Provided material:
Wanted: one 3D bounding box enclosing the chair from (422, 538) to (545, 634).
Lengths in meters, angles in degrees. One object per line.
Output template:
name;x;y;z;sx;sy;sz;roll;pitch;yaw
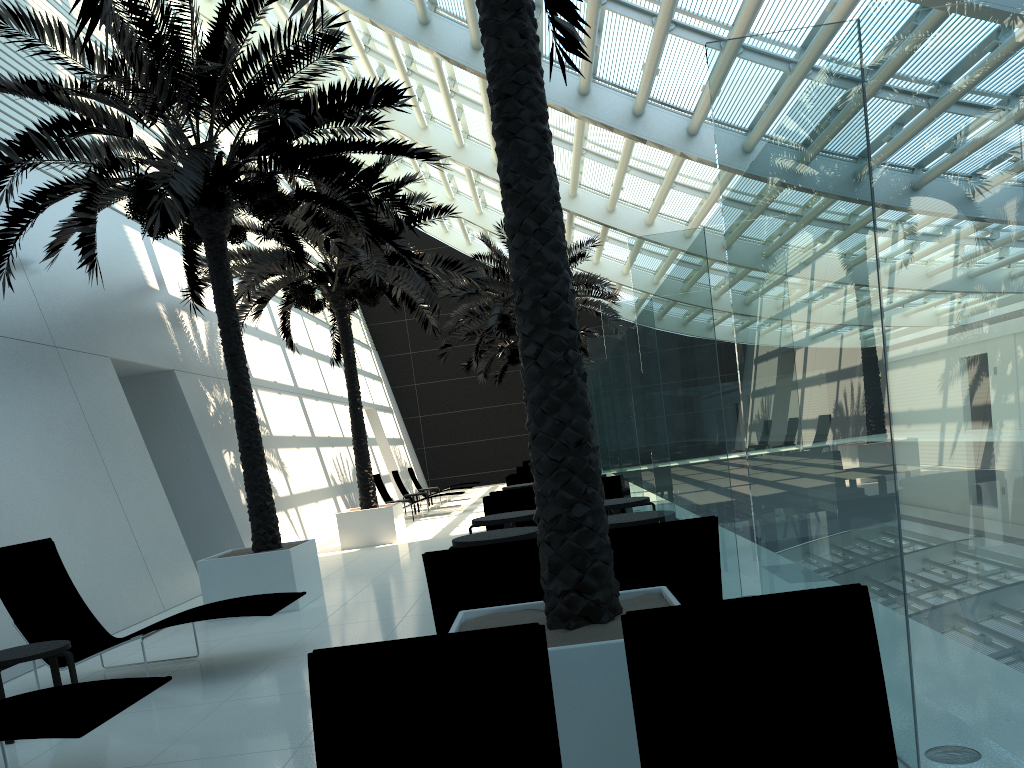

Your assignment: Here the lines from the one with "Lengths in meters, angles" through the last line of the data above need to be repeated exactly, both included, and any picture omitted.

Solution to this problem:
Lengths in meters, angles in degrees. One object per line.
Output template:
name;x;y;z;sx;sy;sz;roll;pitch;yaw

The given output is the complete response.